Required work: Scan the records below for the line with "12. marker from (311, 82) to (361, 124)" and the line with "HFOV 33.4°.". Repeat those two lines and every line between them exactly, and nothing else.
|---|
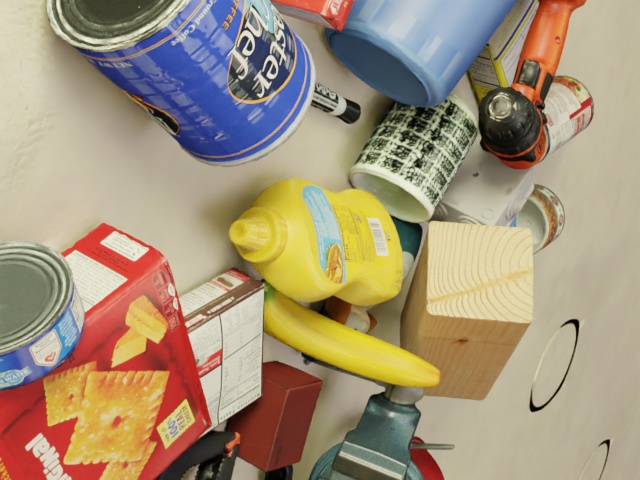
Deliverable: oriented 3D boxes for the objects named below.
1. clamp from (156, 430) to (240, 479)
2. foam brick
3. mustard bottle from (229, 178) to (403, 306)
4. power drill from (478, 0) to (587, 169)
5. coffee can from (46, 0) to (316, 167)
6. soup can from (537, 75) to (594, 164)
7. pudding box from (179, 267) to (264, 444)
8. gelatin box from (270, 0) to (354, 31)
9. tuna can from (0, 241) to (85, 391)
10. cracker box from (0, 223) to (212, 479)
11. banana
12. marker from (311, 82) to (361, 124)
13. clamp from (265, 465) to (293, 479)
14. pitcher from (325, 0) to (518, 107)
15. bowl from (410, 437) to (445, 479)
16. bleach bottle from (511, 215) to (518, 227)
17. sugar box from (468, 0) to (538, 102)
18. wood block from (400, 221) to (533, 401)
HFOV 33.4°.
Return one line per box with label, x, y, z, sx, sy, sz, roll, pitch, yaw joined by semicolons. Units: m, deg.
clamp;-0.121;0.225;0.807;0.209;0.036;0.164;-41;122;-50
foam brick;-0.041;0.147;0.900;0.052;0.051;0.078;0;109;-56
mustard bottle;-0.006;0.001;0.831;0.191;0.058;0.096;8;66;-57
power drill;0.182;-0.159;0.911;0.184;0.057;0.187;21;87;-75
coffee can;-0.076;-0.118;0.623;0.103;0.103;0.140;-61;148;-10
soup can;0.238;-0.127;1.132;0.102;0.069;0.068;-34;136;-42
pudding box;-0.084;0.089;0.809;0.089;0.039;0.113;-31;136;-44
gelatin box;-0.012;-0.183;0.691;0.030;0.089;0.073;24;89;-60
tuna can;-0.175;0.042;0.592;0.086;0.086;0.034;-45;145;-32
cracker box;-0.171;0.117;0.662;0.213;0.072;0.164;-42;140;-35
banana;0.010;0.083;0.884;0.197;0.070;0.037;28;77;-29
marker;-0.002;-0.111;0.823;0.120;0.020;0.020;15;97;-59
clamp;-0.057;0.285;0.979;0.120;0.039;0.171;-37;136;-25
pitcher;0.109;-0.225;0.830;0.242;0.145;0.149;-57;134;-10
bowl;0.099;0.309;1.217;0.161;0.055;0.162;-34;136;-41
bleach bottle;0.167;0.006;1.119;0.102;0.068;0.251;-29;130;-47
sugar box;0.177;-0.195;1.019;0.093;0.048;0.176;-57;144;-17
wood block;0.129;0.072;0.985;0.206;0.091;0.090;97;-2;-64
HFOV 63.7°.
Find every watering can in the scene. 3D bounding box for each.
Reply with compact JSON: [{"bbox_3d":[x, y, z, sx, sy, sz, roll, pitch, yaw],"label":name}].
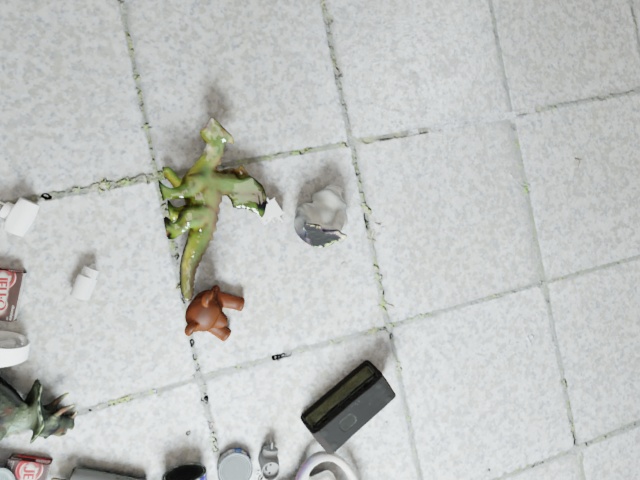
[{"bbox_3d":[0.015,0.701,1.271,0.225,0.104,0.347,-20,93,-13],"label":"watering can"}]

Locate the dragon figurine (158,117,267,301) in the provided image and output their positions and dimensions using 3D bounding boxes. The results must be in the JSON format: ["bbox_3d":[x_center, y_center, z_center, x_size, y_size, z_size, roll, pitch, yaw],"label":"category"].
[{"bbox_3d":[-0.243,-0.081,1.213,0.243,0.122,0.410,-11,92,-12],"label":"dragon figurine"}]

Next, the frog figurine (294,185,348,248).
|---|
Answer to this exercise:
12. marker from (311, 82) to (361, 124)
13. clamp from (265, 465) to (293, 479)
14. pitcher from (325, 0) to (518, 107)
15. bowl from (410, 437) to (445, 479)
16. bleach bottle from (511, 215) to (518, 227)
17. sugar box from (468, 0) to (538, 102)
18. wood block from (400, 221) to (533, 401)
HFOV 33.4°.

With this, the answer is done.